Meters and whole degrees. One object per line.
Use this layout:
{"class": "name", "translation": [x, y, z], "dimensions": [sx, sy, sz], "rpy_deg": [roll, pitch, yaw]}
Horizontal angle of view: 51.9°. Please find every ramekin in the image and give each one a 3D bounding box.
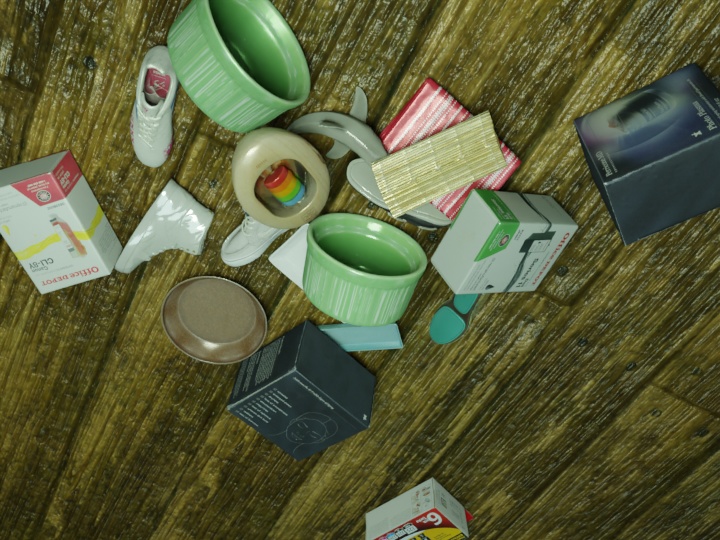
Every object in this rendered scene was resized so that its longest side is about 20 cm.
{"class": "ramekin", "translation": [0.000, 0.000, 1.184], "dimensions": [0.194, 0.202, 0.100], "rpy_deg": [13, 118, -8]}
{"class": "ramekin", "translation": [-0.168, -0.290, 1.013], "dimensions": [0.096, 0.203, 0.200], "rpy_deg": [-28, 120, 29]}

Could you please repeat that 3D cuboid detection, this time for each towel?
{"class": "towel", "translation": [0.132, -0.179, 1.148], "dimensions": [0.199, 0.023, 0.145], "rpy_deg": [39, 108, -9]}

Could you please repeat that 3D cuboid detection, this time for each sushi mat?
{"class": "sushi mat", "translation": [0.119, -0.158, 1.117], "dimensions": [0.196, 0.012, 0.097], "rpy_deg": [-24, 120, 5]}

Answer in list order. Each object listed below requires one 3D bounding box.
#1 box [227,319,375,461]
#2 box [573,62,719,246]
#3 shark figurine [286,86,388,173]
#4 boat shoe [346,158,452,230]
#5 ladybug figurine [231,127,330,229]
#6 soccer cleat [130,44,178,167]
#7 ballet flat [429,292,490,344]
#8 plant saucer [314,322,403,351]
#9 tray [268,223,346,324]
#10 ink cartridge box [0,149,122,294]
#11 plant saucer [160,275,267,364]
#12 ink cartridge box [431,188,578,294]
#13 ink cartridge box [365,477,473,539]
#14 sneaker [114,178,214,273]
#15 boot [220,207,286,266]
{"class": "box", "translation": [-0.108, 0.230, 1.390], "dimensions": [0.194, 0.126, 0.199], "rpy_deg": [-30, 121, 33]}
{"class": "box", "translation": [0.434, -0.171, 1.072], "dimensions": [0.195, 0.202, 0.124], "rpy_deg": [-24, 122, 17]}
{"class": "shark figurine", "translation": [-0.063, -0.208, 1.120], "dimensions": [0.208, 0.089, 0.132], "rpy_deg": [1, 103, 16]}
{"class": "boat shoe", "translation": [0.062, -0.119, 1.198], "dimensions": [0.195, 0.076, 0.060], "rpy_deg": [17, 160, -15]}
{"class": "ladybug figurine", "translation": [-0.118, -0.136, 1.072], "dimensions": [0.135, 0.072, 0.200], "rpy_deg": [-38, 145, 1]}
{"class": "soccer cleat", "translation": [-0.316, -0.236, 1.115], "dimensions": [0.068, 0.087, 0.204], "rpy_deg": [13, 124, -8]}
{"class": "ballet flat", "translation": [0.185, 0.062, 1.319], "dimensions": [0.069, 0.072, 0.202], "rpy_deg": [15, 140, -9]}
{"class": "plant saucer", "translation": [-0.020, 0.123, 1.376], "dimensions": [0.194, 0.019, 0.071], "rpy_deg": [-4, 136, 15]}
{"class": "tray", "translation": [-0.058, 0.004, 1.313], "dimensions": [0.107, 0.022, 0.199], "rpy_deg": [-38, 116, 25]}
{"class": "ink cartridge box", "translation": [-0.509, -0.077, 1.231], "dimensions": [0.141, 0.084, 0.203], "rpy_deg": [-14, 123, 11]}
{"class": "plant saucer", "translation": [-0.267, 0.085, 1.365], "dimensions": [0.194, 0.037, 0.205], "rpy_deg": [1, 125, 1]}
{"class": "ink cartridge box", "translation": [0.232, -0.044, 1.182], "dimensions": [0.196, 0.084, 0.149], "rpy_deg": [-2, 133, -38]}
{"class": "ink cartridge box", "translation": [0.138, 0.585, 1.669], "dimensions": [0.198, 0.085, 0.176], "rpy_deg": [-35, 118, 22]}
{"class": "sneaker", "translation": [-0.328, -0.045, 1.255], "dimensions": [0.114, 0.074, 0.200], "rpy_deg": [35, 117, -17]}
{"class": "boot", "translation": [-0.171, -0.087, 1.206], "dimensions": [0.198, 0.075, 0.095], "rpy_deg": [-35, 147, 14]}
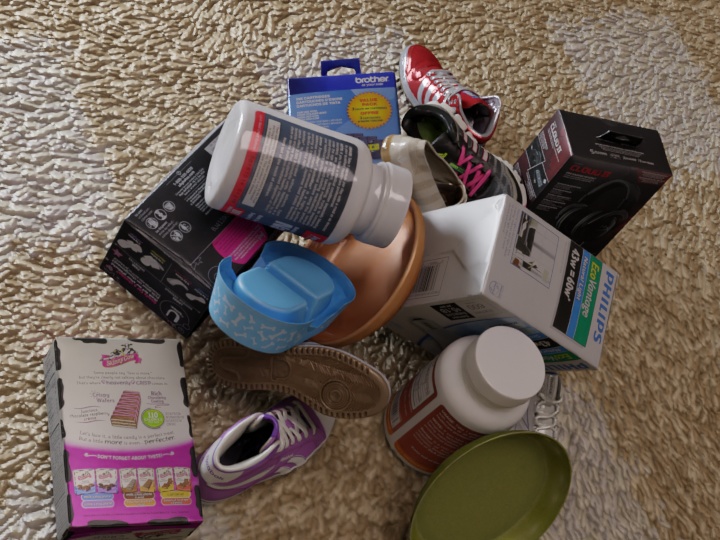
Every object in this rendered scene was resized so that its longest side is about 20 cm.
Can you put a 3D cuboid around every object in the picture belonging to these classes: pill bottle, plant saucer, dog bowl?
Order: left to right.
[{"bbox_3d":[-0.084,0.029,1.420,0.111,0.050,0.200,36,23,13],"label":"dog bowl"},{"bbox_3d":[-0.053,-0.094,1.446,0.200,0.120,0.120,18,56,-16],"label":"pill bottle"},{"bbox_3d":[0.000,0.000,1.530,0.037,0.200,0.200,35,48,-35],"label":"plant saucer"},{"bbox_3d":[0.115,0.140,1.497,0.112,0.200,0.112,13,58,-21],"label":"pill bottle"},{"bbox_3d":[0.135,0.246,1.473,0.200,0.200,0.031,-1,32,-29],"label":"plant saucer"}]

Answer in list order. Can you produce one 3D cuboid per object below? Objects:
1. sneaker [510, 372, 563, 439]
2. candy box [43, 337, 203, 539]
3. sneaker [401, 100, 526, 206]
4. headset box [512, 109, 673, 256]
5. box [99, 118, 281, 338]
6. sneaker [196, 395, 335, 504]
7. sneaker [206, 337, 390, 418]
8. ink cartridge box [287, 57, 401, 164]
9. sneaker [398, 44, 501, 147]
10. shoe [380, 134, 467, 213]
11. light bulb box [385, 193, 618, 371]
[{"bbox_3d":[0.199,0.163,1.600,0.074,0.087,0.200,10,60,-32],"label":"sneaker"},{"bbox_3d":[-0.241,0.169,1.377,0.136,0.061,0.200,3,62,-26],"label":"candy box"},{"bbox_3d":[0.117,-0.131,1.651,0.200,0.074,0.087,52,27,22],"label":"sneaker"},{"bbox_3d":[0.268,-0.107,1.665,0.149,0.200,0.077,8,53,-26],"label":"headset box"},{"bbox_3d":[-0.170,-0.048,1.509,0.132,0.115,0.200,39,51,0],"label":"box"},{"bbox_3d":[-0.085,0.172,1.427,0.200,0.114,0.073,-32,79,-39],"label":"sneaker"},{"bbox_3d":[-0.053,0.102,1.459,0.200,0.070,0.108,12,10,15],"label":"sneaker"},{"bbox_3d":[-0.018,-0.162,1.652,0.136,0.076,0.200,-4,60,0],"label":"ink cartridge box"},{"bbox_3d":[0.117,-0.229,1.769,0.071,0.112,0.200,-5,65,-31],"label":"sneaker"},{"bbox_3d":[0.090,-0.087,1.587,0.200,0.053,0.070,50,40,-45],"label":"shoe"},{"bbox_3d":[0.146,0.025,1.540,0.200,0.198,0.125,31,64,-33],"label":"light bulb box"}]
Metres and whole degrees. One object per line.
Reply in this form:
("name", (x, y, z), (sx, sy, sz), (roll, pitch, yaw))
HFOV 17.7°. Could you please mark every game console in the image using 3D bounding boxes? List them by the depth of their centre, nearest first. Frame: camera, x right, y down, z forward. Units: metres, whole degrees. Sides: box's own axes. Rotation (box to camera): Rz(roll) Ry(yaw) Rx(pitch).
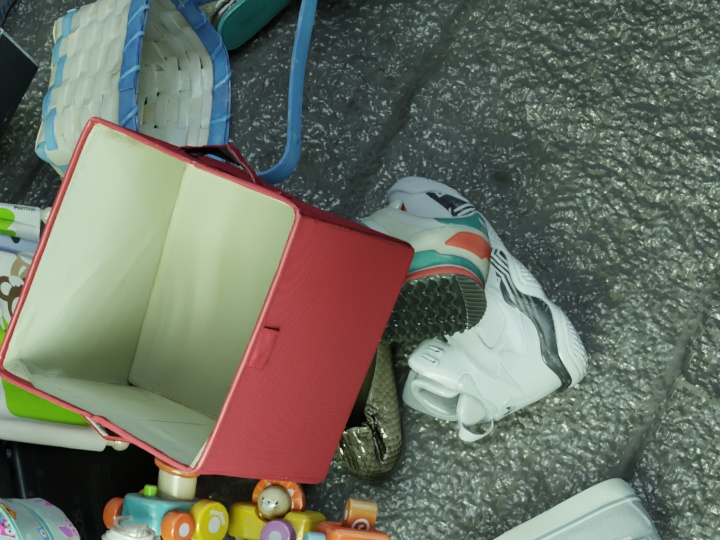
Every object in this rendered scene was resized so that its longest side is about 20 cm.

+-------+

### TASK
In the entries above, how many lines contain the string "whole"? Say only the number.

### TASK SOLUTION
3